Faculty of Basic Sciences, National Institute for Genetic Engineering and Biotechnology, P.O. Box 149651/161, Tehran, Iran.
Anal Chem. 2011 Jun 1;83(11):4200-5. doi: 10.1021/ac200501w. Epub 2011 May 11.
Laccase (EC 1.10.3.2) is a widespread cuproenzyme able to oxidize various types of phenols and similar aromatic compounds through a one-electron transfer mechanism. The enzyme has already found its way into the market as a biocatalyst. Because of its ability to be paired by electron mediators, the expectation for employing laccases in versatile processes is very high. There are a few spectrophotometric methods for assaying the laccase activity; however, all of them are based on the formation of product(s) resulting from the enzymatic and inevitable succeeding chemical reactions.
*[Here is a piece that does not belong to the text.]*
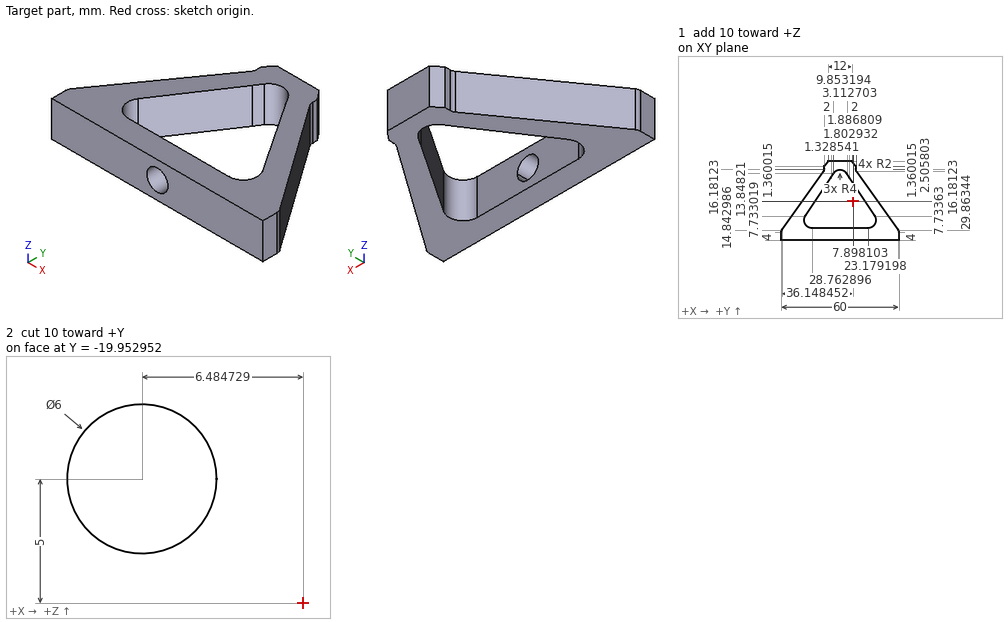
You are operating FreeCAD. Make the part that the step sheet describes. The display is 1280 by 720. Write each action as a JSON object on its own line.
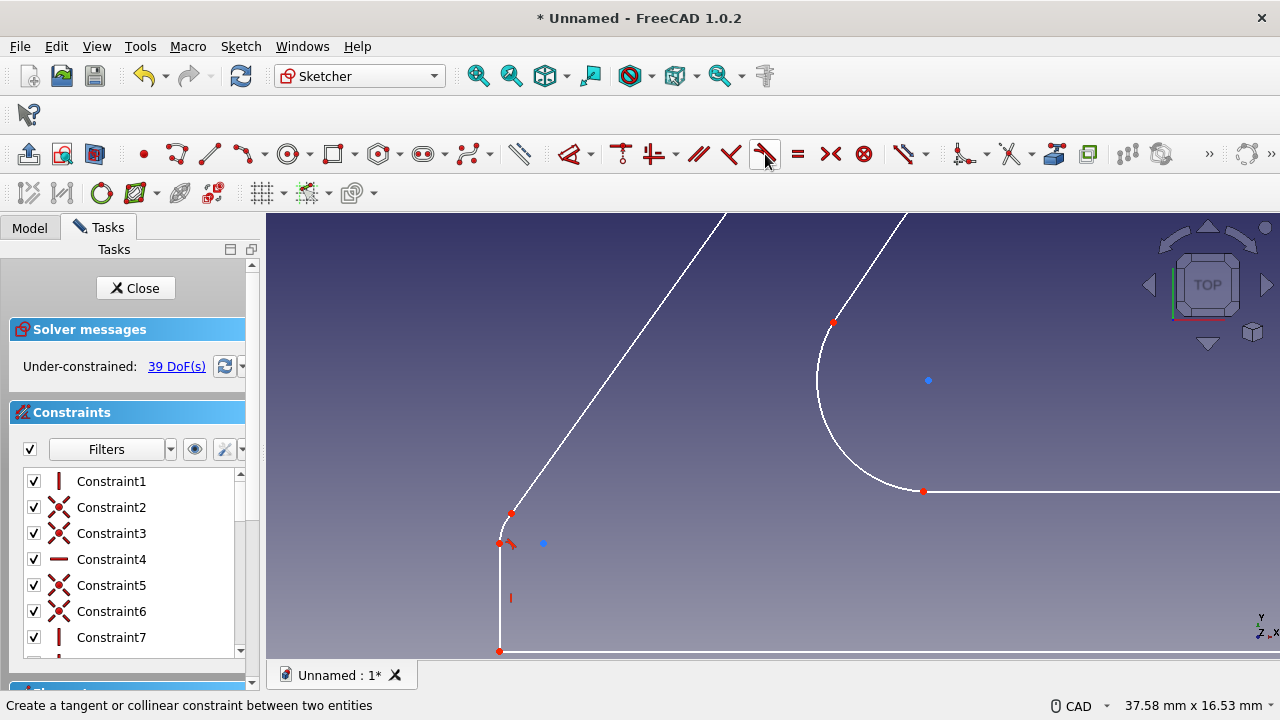
{"action": "scroll", "coordinate": [506, 543], "scroll_direction": "down", "scroll_amount": 7}

Use of diazo derivatives of guaiacol (DdG) was developed as a new spectrophotometric method based on substrate depletion allowing direct assessment of enzyme activity has been introduced. This method allows accurate comprehensive kinetic studies of laccases and provides reliable information about the quality of docking of different substrates or one substrate to the active sites of different laccases. Using this method, the kinetic parameters of various DdG carrying different electron donating and withdrawing substituents were used to assay laccase from Neurospora crassa. 2-Methoxy-4-[(4-phenyl)azo]-phenol (K(m) = 93.5 μM and V = 1.98 μM/min) was identified as an appropriate substrate for the accurate and routine spectrophotometric based assay of laccases.
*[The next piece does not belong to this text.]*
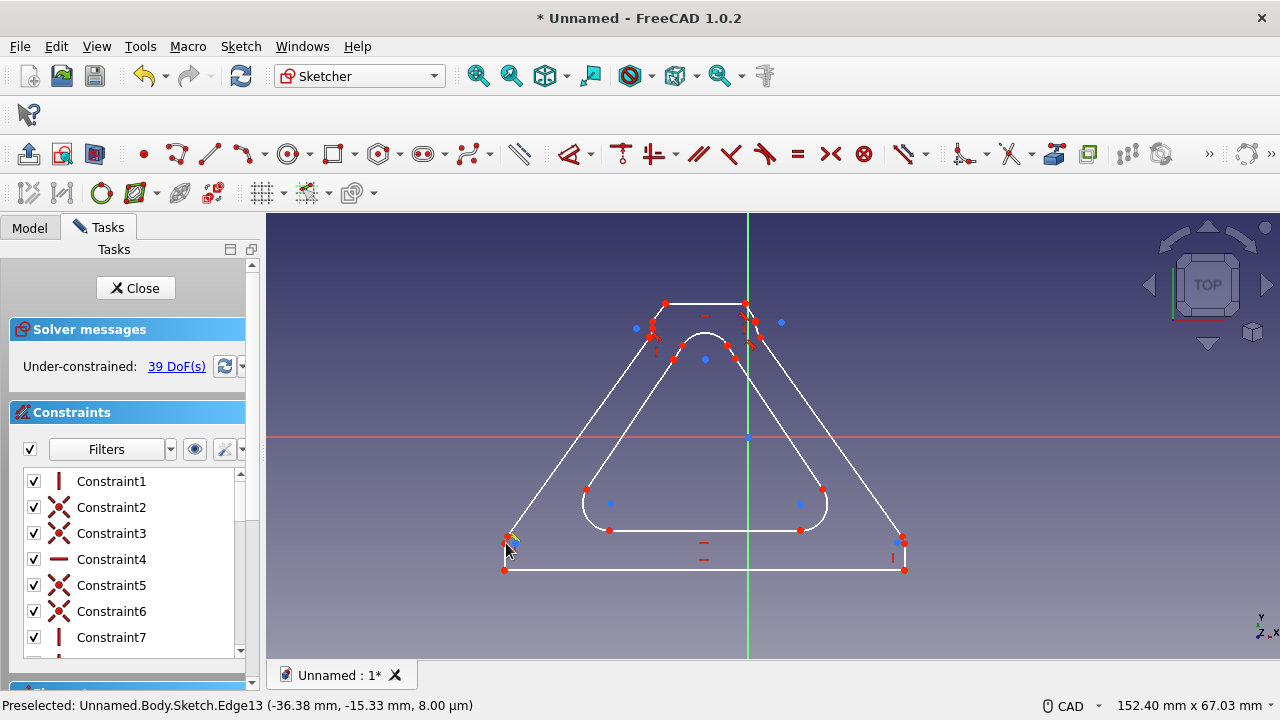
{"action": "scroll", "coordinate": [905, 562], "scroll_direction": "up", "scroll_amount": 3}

漆酶(EC 1.10.3.2)是一种广泛存在的铜酶,能够通过单电子转移机制氧化各种类型的酚类和类似的芳香族化合物。该酶已作为生物催化剂进入市场。由于其能够与电子介体配对,因此人们对在多功能过程中使用漆酶的期望非常高。有几种分光光度法可用于测定漆酶活性;然而,所有这些方法都是基于酶促和不可避免的后续化学反应形成的产物。开发了愈创木酚重氮衍生物(DdG)作为一种新的分光光度法,基于底物消耗,允许直接评估酶活性。该方法允许对漆酶进行准确全面的动力学研究,并提供有关不同底物或一个底物与不同漆酶的活性位点对接质量的可靠信息。使用该方法,对具有不同给电子和吸电子取代基的各种携带 DdG 的动力学参数进行了测定,以测定粗糙脉孢菌中的漆酶。2-甲氧基-4-[(4-苯基)偶氮]-苯酚(K(m) = 93.5 μM 和 V = 1.98 μM/min)被鉴定为用于准确和常规分光光度法测定漆酶的合适底物。